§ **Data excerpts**
§ §

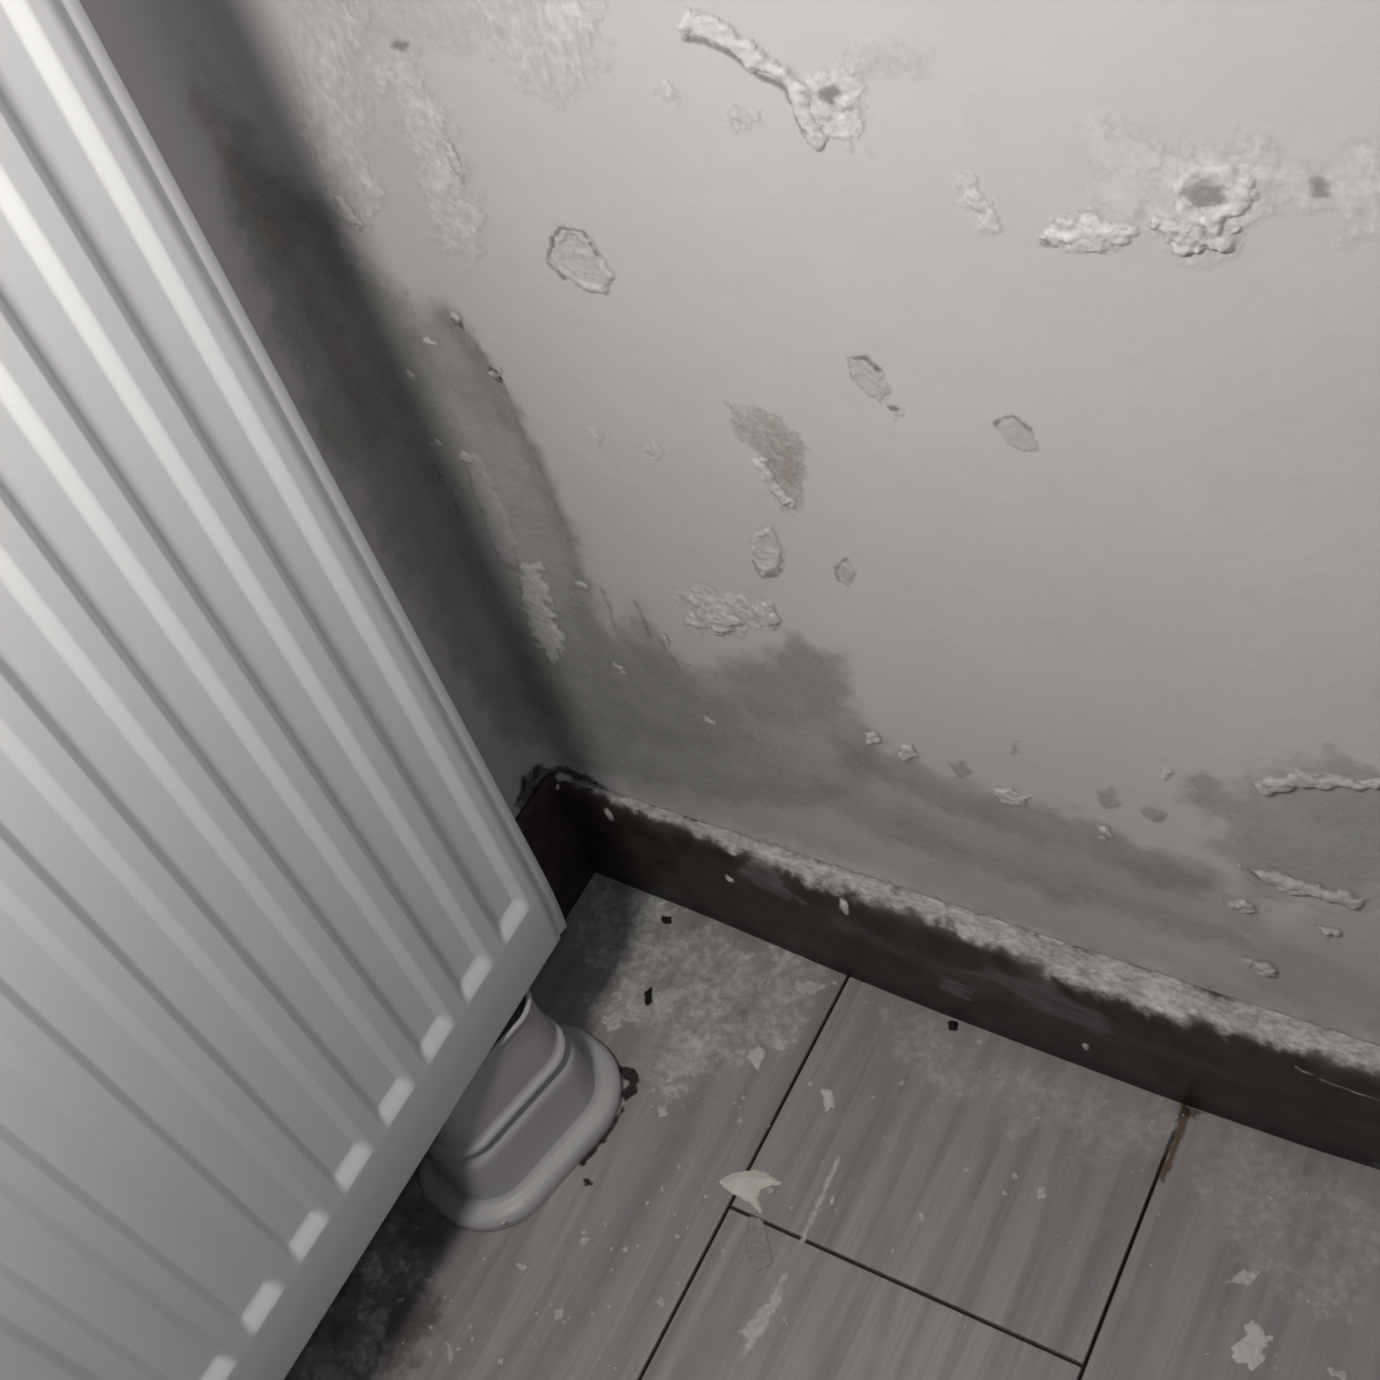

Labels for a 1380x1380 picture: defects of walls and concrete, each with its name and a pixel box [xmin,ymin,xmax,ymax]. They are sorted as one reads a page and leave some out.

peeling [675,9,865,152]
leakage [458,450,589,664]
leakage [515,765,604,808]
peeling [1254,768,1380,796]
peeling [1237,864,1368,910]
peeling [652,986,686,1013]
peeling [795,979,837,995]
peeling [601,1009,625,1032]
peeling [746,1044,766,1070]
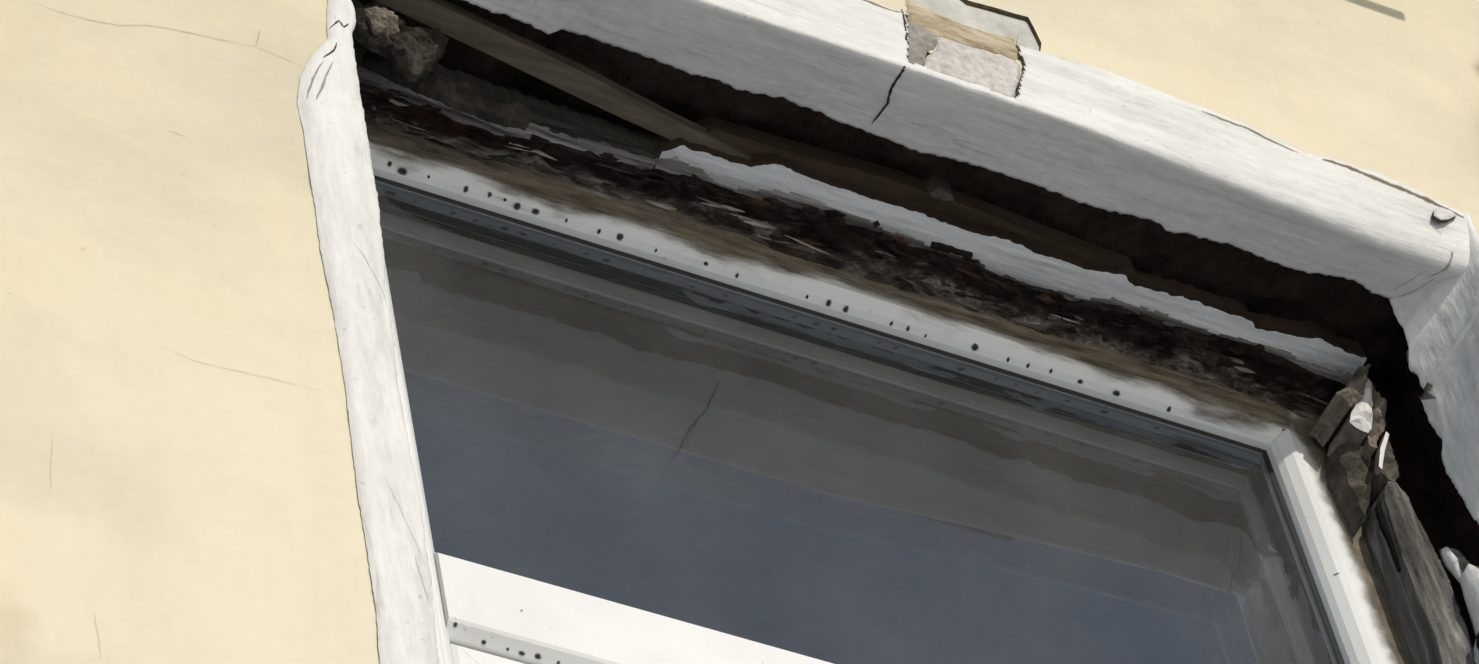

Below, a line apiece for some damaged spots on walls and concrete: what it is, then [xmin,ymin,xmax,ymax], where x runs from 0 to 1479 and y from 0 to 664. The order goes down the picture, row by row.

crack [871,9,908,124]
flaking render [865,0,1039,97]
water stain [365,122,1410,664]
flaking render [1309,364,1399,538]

§ §

§ **TASK DESCRIPTION**
Take the entries above and restate them word for word, minus their images.

§ **ANSWER FOR THE TASK**
Labels for a 1380x1380 picture: defects of walls and concrete, each with its name and a pixel box [xmin,ymin,xmax,ymax]. They are sorted as one reads a page and leave some out.

peeling [675,9,865,152]
leakage [458,450,589,664]
leakage [515,765,604,808]
peeling [1254,768,1380,796]
peeling [1237,864,1368,910]
peeling [652,986,686,1013]
peeling [795,979,837,995]
peeling [601,1009,625,1032]
peeling [746,1044,766,1070]

Below, a line apiece for some damaged spots on walls and concrete: what it is, then [xmin,ymin,xmax,ymax], where x runs from 0 to 1479 and y from 0 to 664. The order goes down the picture, row by row.

crack [871,9,908,124]
flaking render [865,0,1039,97]
water stain [365,122,1410,664]
flaking render [1309,364,1399,538]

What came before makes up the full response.